■ What the exercise asks
Locate the word "offenders" in the data below, then copy every line that holds it.

■ Input data

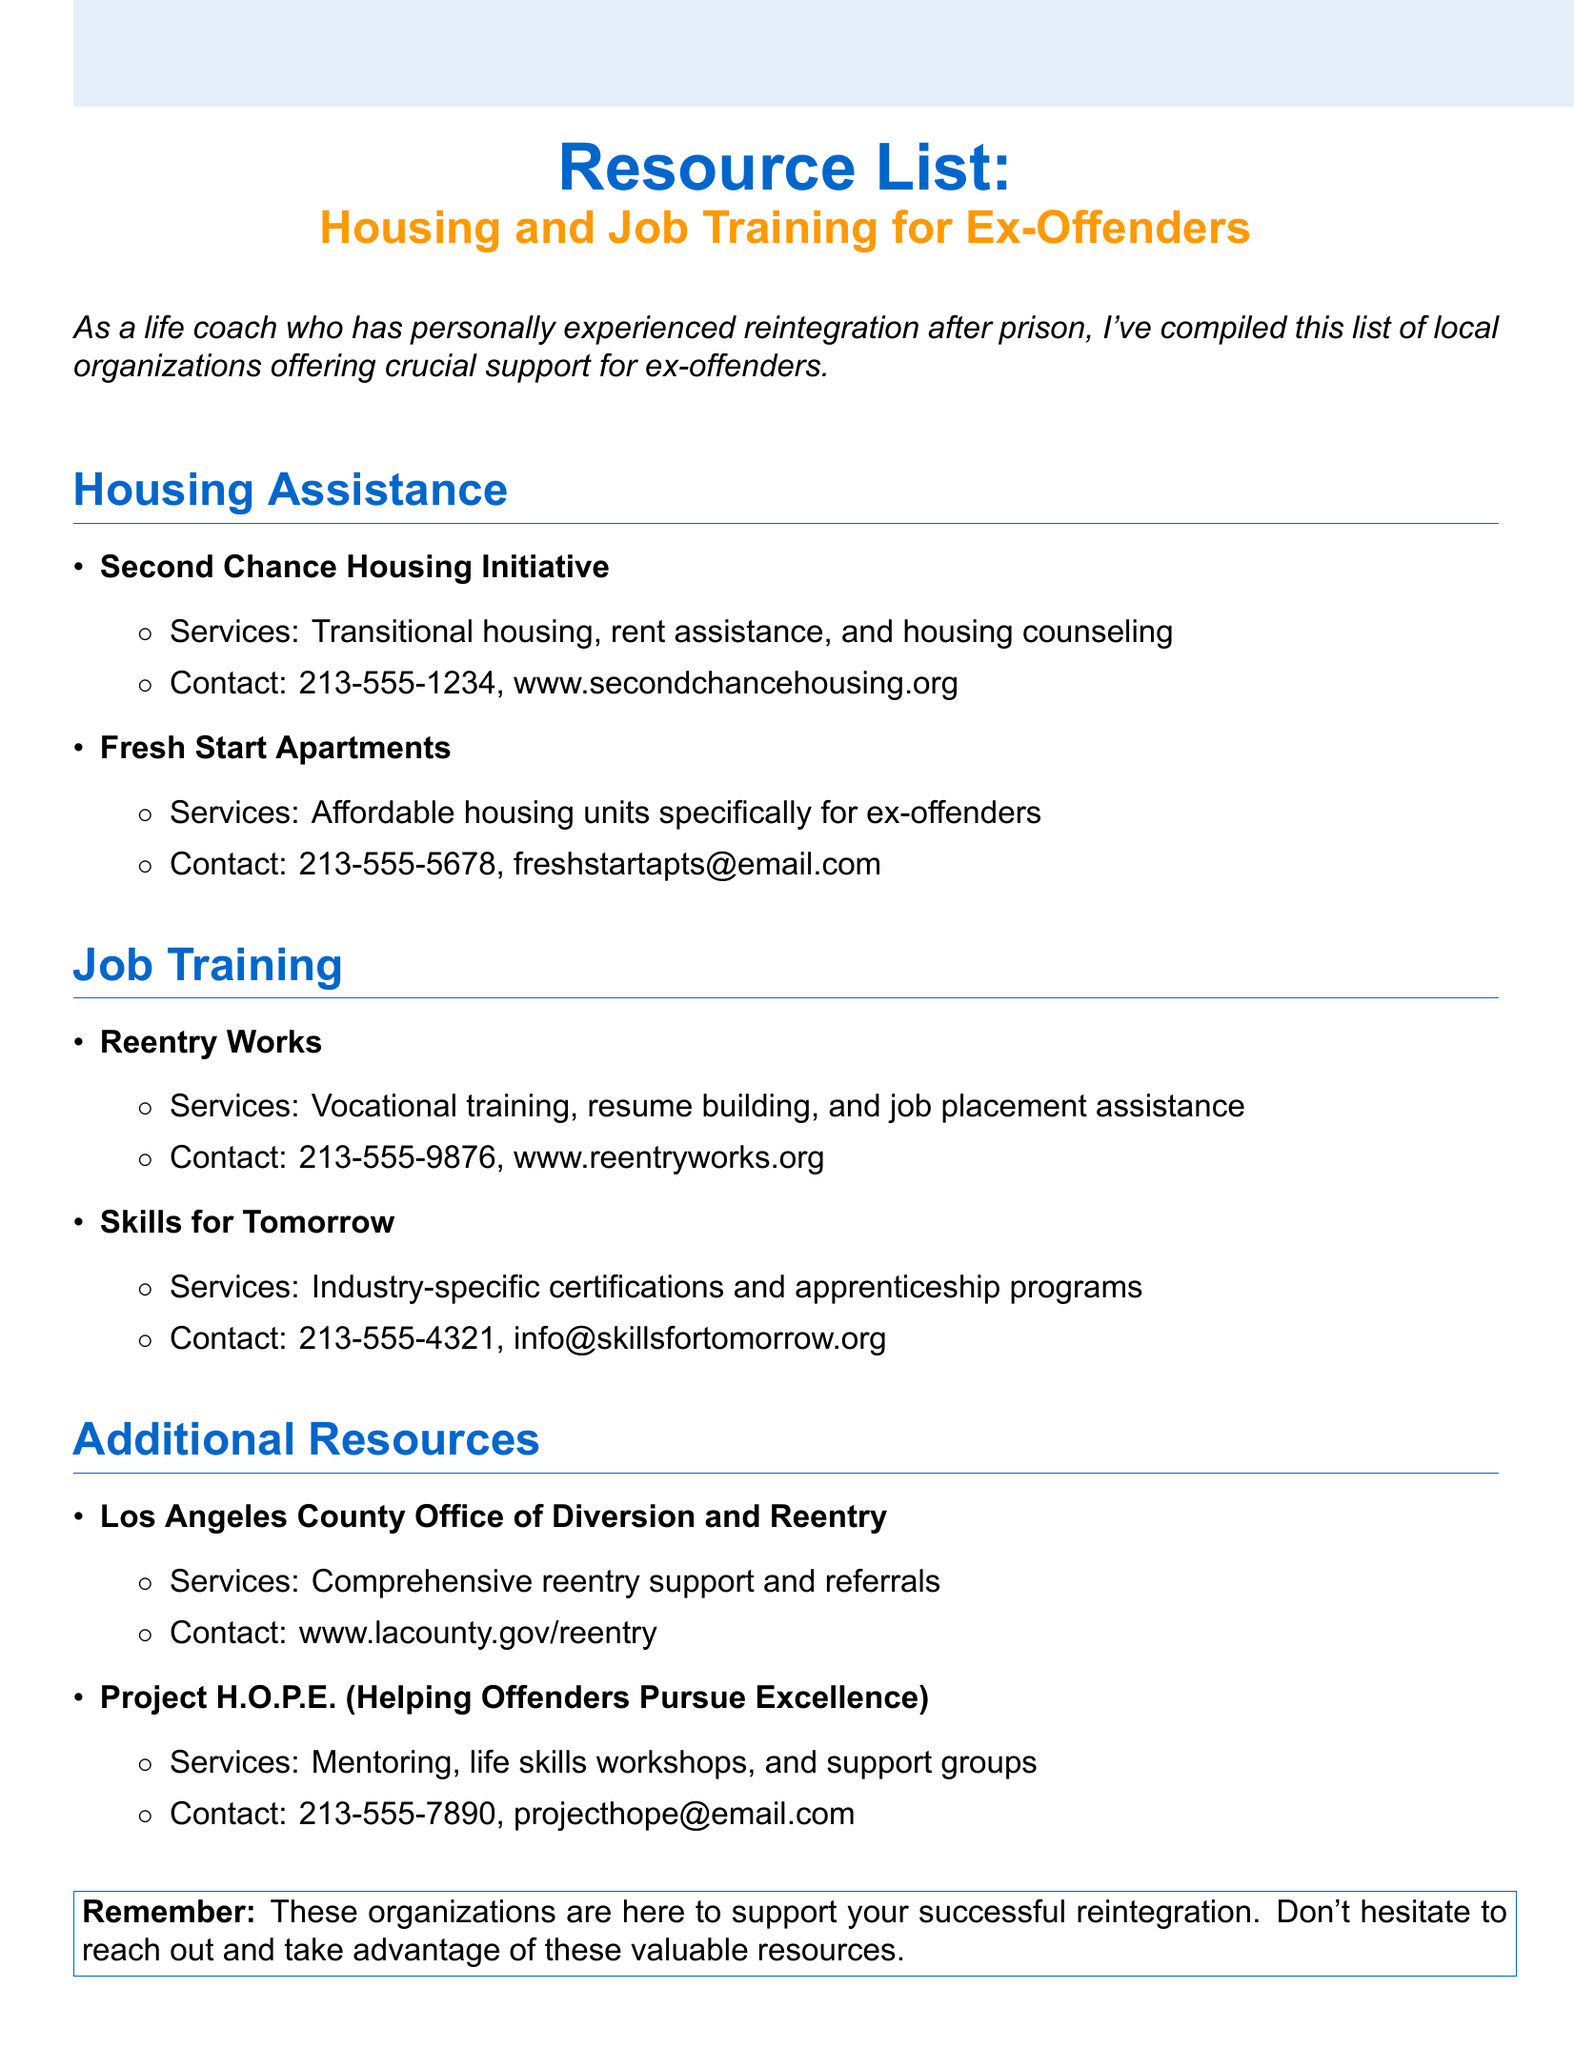What is the name of the initiative offering transitional housing? The initiative providing transitional housing is the Second Chance Housing Initiative.
Answer: Second Chance Housing Initiative What services does Fresh Start Apartments offer? Fresh Start Apartments offers affordable housing units specifically for ex-offenders.
Answer: Affordable housing units specifically for ex-offenders What type of training does Reentry Works provide? Reentry Works provides vocational training, resume building, and job placement assistance.
Answer: Vocational training, resume building, and job placement assistance What is the contact number for Skills for Tomorrow? The contact number for Skills for Tomorrow is listed in the document as 213-555-4321.
Answer: 213-555-4321 Which organization offers mentoring and life skills workshops? The organization that offers mentoring and life skills workshops is Project H.O.P.E.
Answer: Project H.O.P.E How many housing assistance organizations are listed? There are two housing assistance organizations listed in the document.
Answer: Two What organization provides comprehensive reentry support? The organization providing comprehensive reentry support is the Los Angeles County Office of Diversion and Reentry.
Answer: Los Angeles County Office of Diversion and Reentry Which section contains information about vocational training? The section containing information about vocational training is the Job Training section.
Answer: Job Training What is the main purpose of this resource list? The primary purpose of this resource list is to offer crucial support for ex-offenders.
Answer: Offer crucial support for ex-offenders 
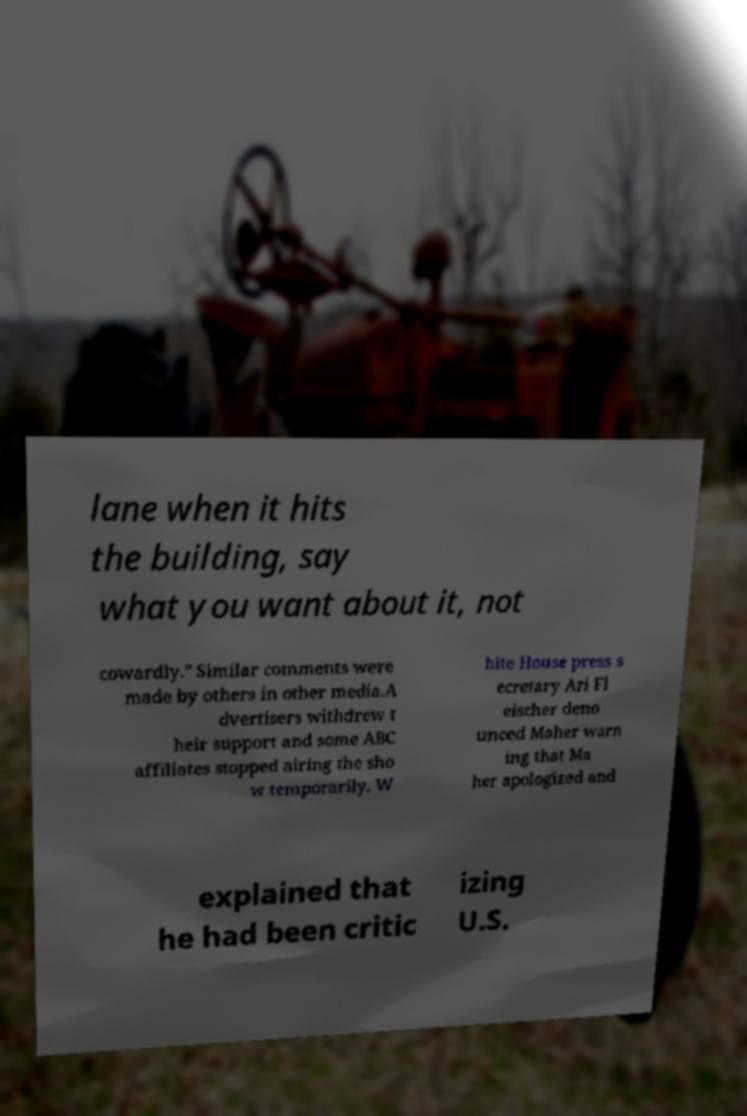For documentation purposes, I need the text within this image transcribed. Could you provide that? lane when it hits the building, say what you want about it, not cowardly." Similar comments were made by others in other media.A dvertisers withdrew t heir support and some ABC affiliates stopped airing the sho w temporarily. W hite House press s ecretary Ari Fl eischer deno unced Maher warn ing that Ma her apologized and explained that he had been critic izing U.S. 
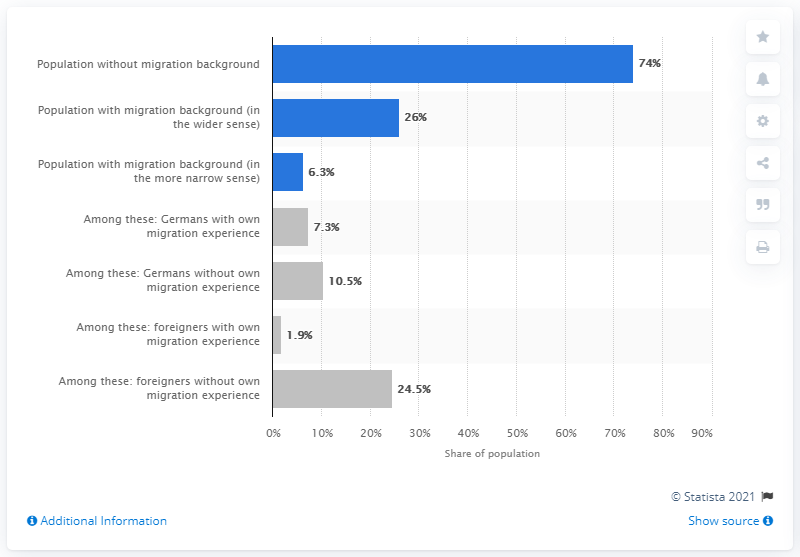Indicate a few pertinent items in this graphic. In 2019, approximately 26% of the population in Germany had a migration background.

■ Solution below
Answer: Second Chance Housing Initiative What services does Fresh Start Apartments offer? Fresh Start Apartments offers affordable housing units specifically for ex-offenders.
Answer: Affordable housing units specifically for ex-offenders What type of training does Reentry Works provide? Reentry Works provides vocational training, resume building, and job placement assistance.
Answer: Job Training What is the main purpose of this resource list? The primary purpose of this resource list is to offer crucial support for ex-offenders.
Answer: Offer crucial support for ex-offenders 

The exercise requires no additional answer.